Data items:
▼
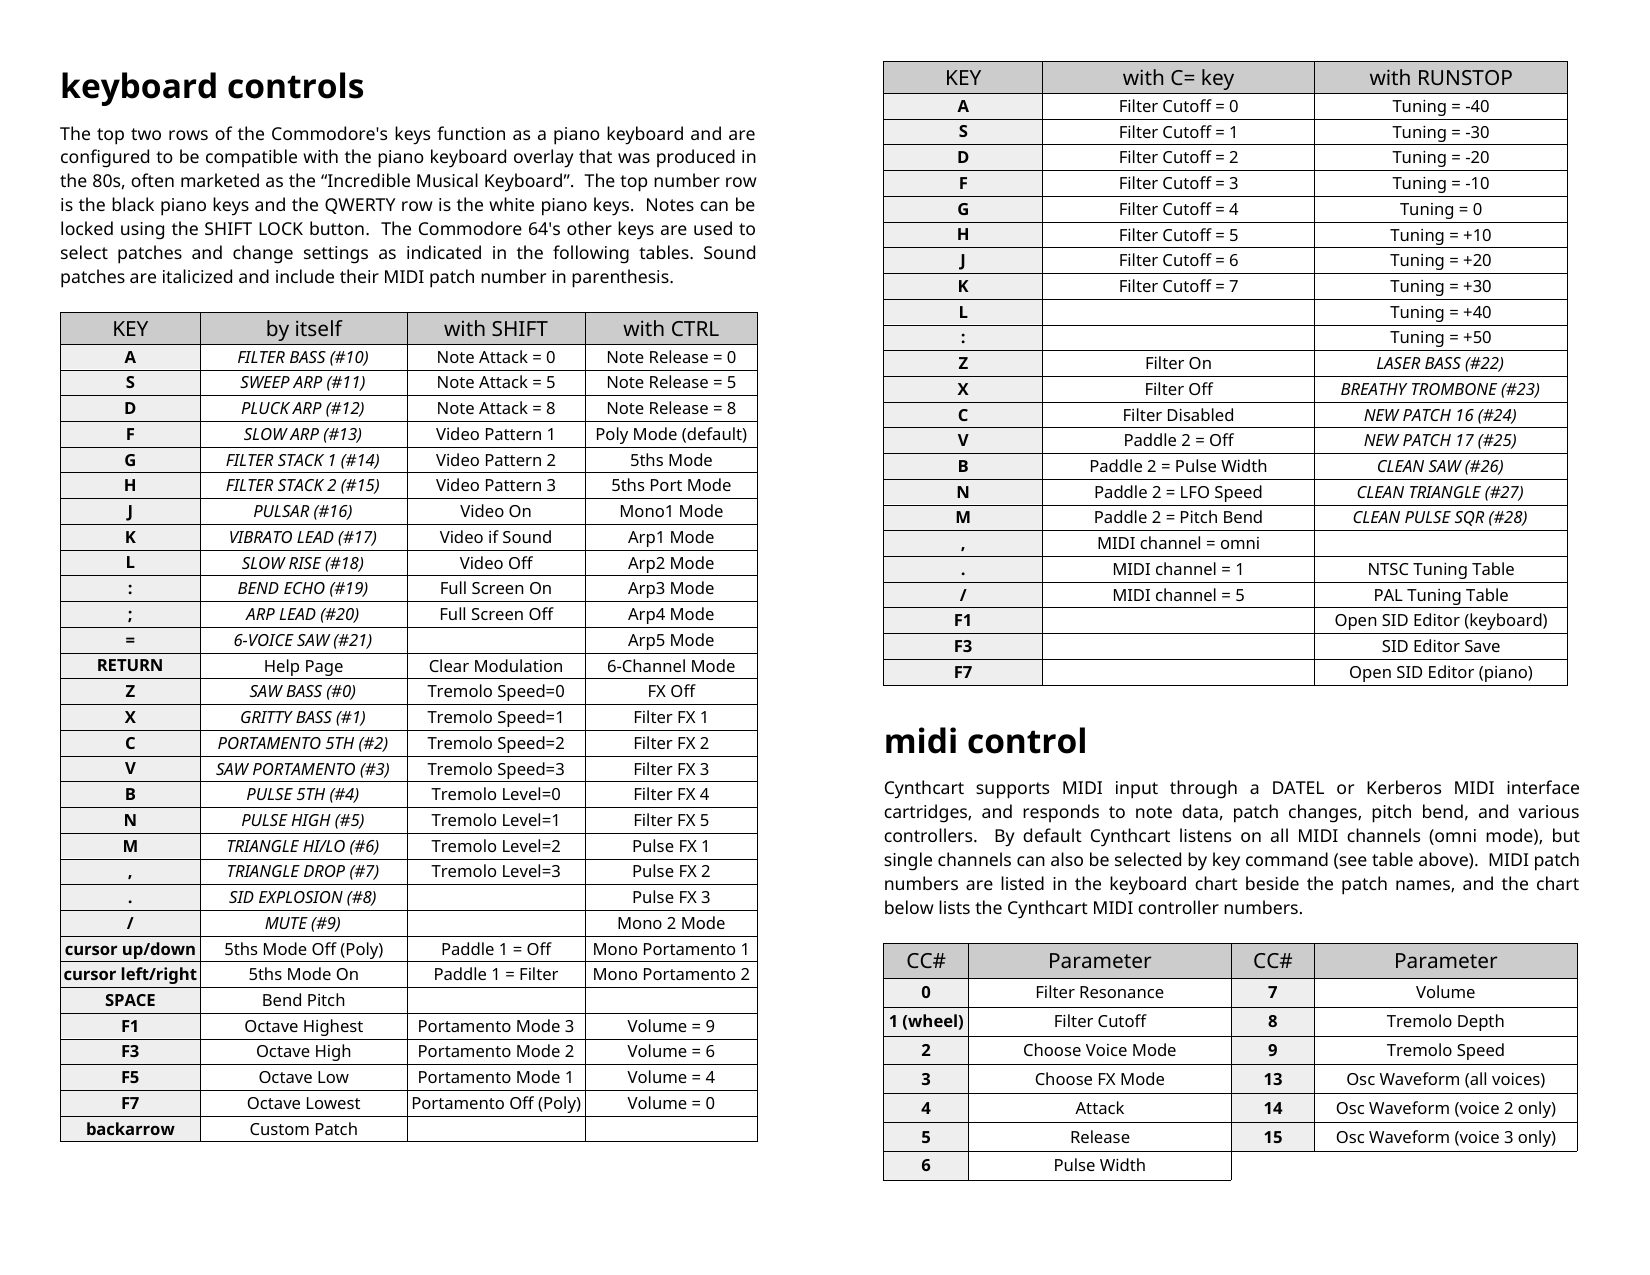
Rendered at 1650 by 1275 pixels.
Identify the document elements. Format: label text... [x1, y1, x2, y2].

table_cell 2 [884, 1037, 968, 1064]
table_cell MIDI channel = 5 [1043, 583, 1314, 607]
table_cell Video On [408, 499, 585, 524]
table_cell X [884, 377, 1042, 402]
table_cell FILTER BASS (#10) [201, 345, 407, 369]
table_cell VIBRATO LEAD (#17) [201, 525, 407, 550]
table_cell Portamento Mode 2 [408, 1040, 585, 1064]
table_cell 5ths Mode [586, 448, 757, 472]
table_cell LASER BASS (#22) [1315, 351, 1567, 376]
table_cell X [61, 705, 200, 730]
table_cell Arp4 Mode [586, 602, 757, 627]
table_cell Tuning = -10 [1315, 171, 1567, 196]
table_cell Volume = 6 [586, 1040, 757, 1064]
table_cell Arp2 Mode [586, 551, 757, 575]
table_cell Video Pattern 1 [408, 422, 585, 447]
table_cell PULSE HIGH (#5) [201, 808, 407, 833]
table_cell TRIANGLE HI/LO (#6) [201, 834, 407, 858]
table_cell Full Screen On [408, 576, 585, 601]
table_cell Video Off [408, 551, 585, 575]
table_cell F1 [884, 608, 1042, 633]
table_cell 5ths Mode On [201, 962, 407, 987]
table_cell A [884, 94, 1042, 119]
table_cell Video Pattern 3 [408, 473, 585, 498]
table_cell F7 [884, 660, 1042, 685]
table_cell L [884, 300, 1042, 324]
table_cell SID Editor Save [1315, 634, 1567, 659]
table_cell Help Page [201, 654, 407, 678]
table_cell [1232, 1152, 1314, 1180]
table_cell PAL Tuning Table [1315, 583, 1567, 607]
subtitle midi control [883, 717, 1581, 763]
table_cell N [884, 480, 1042, 504]
table_cell 7 [1232, 979, 1314, 1007]
table_cell CLEAN PULSE SQR (#28) [1315, 506, 1567, 530]
table_cell Filter Cutoff = 5 [1043, 223, 1314, 247]
table_cell [1314, 1152, 1577, 1180]
table_cell Paddle 2 = Pulse Width [1043, 454, 1314, 479]
table_cell Filter Disabled [1043, 403, 1314, 427]
table_cell Tuning = +10 [1315, 223, 1567, 247]
table_cell A [61, 345, 200, 369]
table_cell 9 [1232, 1037, 1314, 1064]
table_cell cursor up/down [61, 937, 200, 961]
table_header by itself [201, 313, 407, 344]
text Cynthcart supports MIDI input through a DATEL or Kerberos MIDI interface cartridges, and responds to note data, patch changes, pitch bend, and various controllers. By default Cynthcart listens on all MIDI channels (omni mode), but single channels can also be selected by key command (see table above). MIDI patch numbers are listed in the keyboard chart beside the patch names, and the chart below lists the Cynthcart MIDI controller numbers. [883, 776, 1581, 919]
table_cell Osc Waveform (voice 2 only) [1315, 1094, 1577, 1122]
table_cell Filter Off [1043, 377, 1314, 402]
table_cell Octave High [201, 1040, 407, 1064]
table_cell M [884, 506, 1042, 530]
table_cell TRIANGLE DROP (#7) [201, 860, 407, 884]
table_cell Arp5 Mode [586, 628, 757, 653]
table_cell CLEAN TRIANGLE (#27) [1315, 480, 1567, 504]
table_cell Tremolo Speed=3 [408, 757, 585, 781]
table_cell Pulse FX 1 [586, 834, 757, 858]
table_cell [586, 988, 757, 1013]
table_cell NTSC Tuning Table [1315, 557, 1567, 582]
table_cell Volume = 9 [586, 1014, 757, 1038]
table_cell 6-Channel Mode [586, 654, 757, 678]
table_cell Tremolo Level=2 [408, 834, 585, 858]
table_cell [1315, 531, 1567, 556]
table_cell Tuning = -30 [1315, 120, 1567, 144]
subtitle keyboard controls [60, 62, 757, 108]
table_cell H [884, 223, 1042, 247]
table_cell Tuning = +50 [1315, 326, 1567, 350]
table_cell Filter Cutoff = 7 [1043, 274, 1314, 299]
table_cell MIDI channel = 1 [1043, 557, 1314, 582]
table_cell Filter Cutoff [969, 1008, 1231, 1036]
table_cell D [61, 396, 200, 421]
table_cell Attack [969, 1094, 1231, 1122]
table_cell Mono Portamento 2 [586, 962, 757, 987]
table_cell Mono Portamento 1 [586, 937, 757, 961]
table_cell Volume [1315, 979, 1577, 1007]
table_cell [408, 1117, 585, 1141]
table_cell SAW BASS (#0) [201, 679, 407, 704]
table_cell S [61, 371, 200, 395]
table_cell V [884, 428, 1042, 453]
table_cell 14 [1232, 1094, 1314, 1122]
table_cell [586, 1117, 757, 1141]
table_cell Volume = 0 [586, 1091, 757, 1116]
table_cell Paddle 1 = Off [408, 937, 585, 961]
table_cell Osc Waveform (all voices) [1315, 1065, 1577, 1093]
table_cell F3 [61, 1040, 200, 1064]
table_cell SLOW ARP (#13) [201, 422, 407, 447]
table_cell Filter FX 4 [586, 782, 757, 807]
table_header Parameter [1315, 944, 1577, 978]
table_cell = [61, 628, 200, 653]
table_cell D [884, 145, 1042, 170]
table_cell S [884, 120, 1042, 144]
table_header KEY [884, 62, 1042, 93]
table_cell Open SID Editor (piano) [1315, 660, 1567, 685]
table_cell Note Release = 8 [586, 396, 757, 421]
table_cell NEW PATCH 17 (#25) [1315, 428, 1567, 453]
table_cell F1 [61, 1014, 200, 1038]
table_cell Pulse Width [969, 1152, 1231, 1180]
table_header CC# [884, 944, 968, 978]
table_cell FX Off [586, 679, 757, 704]
table_cell Filter Cutoff = 0 [1043, 94, 1314, 119]
table_cell Note Attack = 0 [408, 345, 585, 369]
table_cell Tremolo Level=3 [408, 860, 585, 884]
table_cell NEW PATCH 16 (#24) [1315, 403, 1567, 427]
table_cell Osc Waveform (voice 3 only) [1315, 1123, 1577, 1151]
table_cell MUTE (#9) [201, 911, 407, 936]
table_cell Filter Cutoff = 2 [1043, 145, 1314, 170]
table_cell J [61, 499, 200, 524]
table_cell Mono 2 Mode [586, 911, 757, 936]
table_cell K [884, 274, 1042, 299]
table_cell [1043, 608, 1314, 633]
table_cell RETURN [61, 654, 200, 678]
table_cell Note Release = 5 [586, 371, 757, 395]
table_cell Video Pattern 2 [408, 448, 585, 472]
table_header with SHIFT [408, 313, 585, 344]
table_cell G [884, 197, 1042, 222]
table_cell ; [61, 602, 200, 627]
table_cell Filter FX 5 [586, 808, 757, 833]
table_cell [1043, 326, 1314, 350]
table_cell Paddle 2 = Off [1043, 428, 1314, 453]
table_cell 3 [884, 1065, 968, 1093]
table_cell Tremolo Speed=0 [408, 679, 585, 704]
table_cell F3 [884, 634, 1042, 659]
table_cell Volume = 4 [586, 1065, 757, 1090]
table_cell N [61, 808, 200, 833]
table_cell Pulse FX 3 [586, 885, 757, 910]
table_cell Filter Resonance [969, 979, 1231, 1007]
table_cell [408, 911, 585, 936]
table_cell Tuning = +30 [1315, 274, 1567, 299]
table_cell Tremolo Speed=2 [408, 731, 585, 756]
table_cell Octave Low [201, 1065, 407, 1090]
table_cell SWEEP ARP (#11) [201, 371, 407, 395]
table_cell 6 [884, 1152, 968, 1180]
table_cell C [884, 403, 1042, 427]
table_cell Paddle 2 = Pitch Bend [1043, 506, 1314, 530]
table_cell Video if Sound [408, 525, 585, 550]
table_cell Arp3 Mode [586, 576, 757, 601]
table_cell 5 [884, 1123, 968, 1151]
table_cell Choose FX Mode [969, 1065, 1231, 1093]
table_cell Z [61, 679, 200, 704]
table_cell FILTER STACK 1 (#14) [201, 448, 407, 472]
table_cell SPACE [61, 988, 200, 1013]
table_cell Release [969, 1123, 1231, 1151]
table_cell Tremolo Level=0 [408, 782, 585, 807]
table_cell / [61, 911, 200, 936]
table_cell . [884, 557, 1042, 582]
table_cell Tuning = 0 [1315, 197, 1567, 222]
table_cell Note Release = 0 [586, 345, 757, 369]
table_cell SAW PORTAMENTO (#3) [201, 757, 407, 781]
table_header KEY [61, 313, 200, 344]
table_cell Open SID Editor (keyboard) [1315, 608, 1567, 633]
table_cell F [61, 422, 200, 447]
table_cell Octave Highest [201, 1014, 407, 1038]
table_cell , [884, 531, 1042, 556]
table_cell PLUCK ARP (#12) [201, 396, 407, 421]
table_cell Portamento Mode 1 [408, 1065, 585, 1090]
table_cell M [61, 834, 200, 858]
table_header with CTRL [586, 313, 757, 344]
table_cell : [61, 576, 200, 601]
table_cell Tuning = +40 [1315, 300, 1567, 324]
table_cell 6-VOICE SAW (#21) [201, 628, 407, 653]
table_header CC# [1232, 944, 1314, 978]
table_cell [408, 628, 585, 653]
table_cell Tuning = +20 [1315, 248, 1567, 273]
table_cell Octave Lowest [201, 1091, 407, 1116]
table_cell : [884, 326, 1042, 350]
table_cell Tuning = -40 [1315, 94, 1567, 119]
table_cell 1 (wheel) [884, 1008, 968, 1036]
table_cell Portamento Off (Poly) [408, 1091, 585, 1116]
table_cell H [61, 473, 200, 498]
table_cell PULSE 5TH (#4) [201, 782, 407, 807]
table_cell K [61, 525, 200, 550]
table_header Parameter [969, 944, 1231, 978]
table_cell BEND ECHO (#19) [201, 576, 407, 601]
table_cell 0 [884, 979, 968, 1007]
table_cell Filter Cutoff = 4 [1043, 197, 1314, 222]
table_cell Choose Voice Mode [969, 1037, 1231, 1064]
table_cell CLEAN SAW (#26) [1315, 454, 1567, 479]
table_cell Clear Modulation [408, 654, 585, 678]
table_cell F7 [61, 1091, 200, 1116]
table_cell Paddle 2 = LFO Speed [1043, 480, 1314, 504]
table_cell PULSAR (#16) [201, 499, 407, 524]
table_cell 5ths Port Mode [586, 473, 757, 498]
table_cell Full Screen Off [408, 602, 585, 627]
table_cell Custom Patch [201, 1117, 407, 1141]
table_cell 5ths Mode Off (Poly) [201, 937, 407, 961]
table_cell 13 [1232, 1065, 1314, 1093]
table_cell PORTAMENTO 5TH (#2) [201, 731, 407, 756]
table_cell J [884, 248, 1042, 273]
table_cell Note Attack = 5 [408, 371, 585, 395]
table_cell cursor left/right [61, 962, 200, 987]
table_cell ARP LEAD (#20) [201, 602, 407, 627]
table_cell Arp1 Mode [586, 525, 757, 550]
text The top two rows of the Commodore's keys function as a piano keyboard and are configured to be compatible with the piano keyboard overlay that was produced in the 80s, often marketed as the “Incredible Musical Keyboard”. The top number row is the black piano keys and the QWERTY row is the white piano keys. Notes can be locked using the SHIFT LOCK button. The Commodore 64's other keys are used to select patches and change settings as indicated in the following tables. Sound patches are italicized and include their MIDI patch number in parenthesis. [60, 121, 757, 288]
table_cell G [61, 448, 200, 472]
table_cell Pulse FX 2 [586, 860, 757, 884]
table_cell Filter Cutoff = 3 [1043, 171, 1314, 196]
table_cell [1043, 660, 1314, 685]
table_cell Z [884, 351, 1042, 376]
table_cell FILTER STACK 2 (#15) [201, 473, 407, 498]
table_cell BREATHY TROMBONE (#23) [1315, 377, 1567, 402]
table_cell Tuning = -20 [1315, 145, 1567, 170]
table_cell , [61, 860, 200, 884]
table_cell Paddle 1 = Filter [408, 962, 585, 987]
table_cell [408, 885, 585, 910]
table_cell F [884, 171, 1042, 196]
table_cell [1043, 634, 1314, 659]
table_cell SLOW RISE (#18) [201, 551, 407, 575]
table_cell [408, 988, 585, 1013]
table_cell Note Attack = 8 [408, 396, 585, 421]
table_cell B [61, 782, 200, 807]
table_cell GRITTY BASS (#1) [201, 705, 407, 730]
table_cell Filter FX 1 [586, 705, 757, 730]
table_cell B [884, 454, 1042, 479]
table_cell Tremolo Level=1 [408, 808, 585, 833]
table_cell Filter FX 3 [586, 757, 757, 781]
table_cell SID EXPLOSION (#8) [201, 885, 407, 910]
table_cell MIDI channel = omni [1043, 531, 1314, 556]
table_cell F5 [61, 1065, 200, 1090]
table_cell / [884, 583, 1042, 607]
table_header with C= key [1043, 62, 1314, 93]
table_cell backarrow [61, 1117, 200, 1141]
table_cell Bend Pitch [201, 988, 407, 1013]
table_cell Poly Mode (default) [586, 422, 757, 447]
table_cell Portamento Mode 3 [408, 1014, 585, 1038]
table_header with RUNSTOP [1315, 62, 1567, 93]
table_cell C [61, 731, 200, 756]
table_cell 8 [1232, 1008, 1314, 1036]
table_cell L [61, 551, 200, 575]
table_cell Filter FX 2 [586, 731, 757, 756]
table_cell Filter Cutoff = 6 [1043, 248, 1314, 273]
table_cell Tremolo Depth [1315, 1008, 1577, 1036]
table_cell [1043, 300, 1314, 324]
table_cell Mono1 Mode [586, 499, 757, 524]
table_cell . [61, 885, 200, 910]
table_cell V [61, 757, 200, 781]
table_cell Tremolo Speed=1 [408, 705, 585, 730]
table_cell 4 [884, 1094, 968, 1122]
table_cell Tremolo Speed [1315, 1037, 1577, 1064]
table_cell Filter On [1043, 351, 1314, 376]
table_cell 15 [1232, 1123, 1314, 1151]
table_cell Filter Cutoff = 1 [1043, 120, 1314, 144]
▲
* _Exercise objective_
What lines above hold the word "Paddle"? Pull each one out.

* _The answer_
table_cell Paddle 2 = Pulse Width [1043, 454, 1314, 479]
table_cell Paddle 1 = Off [408, 937, 585, 961]
table_cell Paddle 2 = Off [1043, 428, 1314, 453]
table_cell Paddle 2 = Pitch Bend [1043, 506, 1314, 530]
table_cell Paddle 2 = LFO Speed [1043, 480, 1314, 504]
table_cell Paddle 1 = Filter [408, 962, 585, 987]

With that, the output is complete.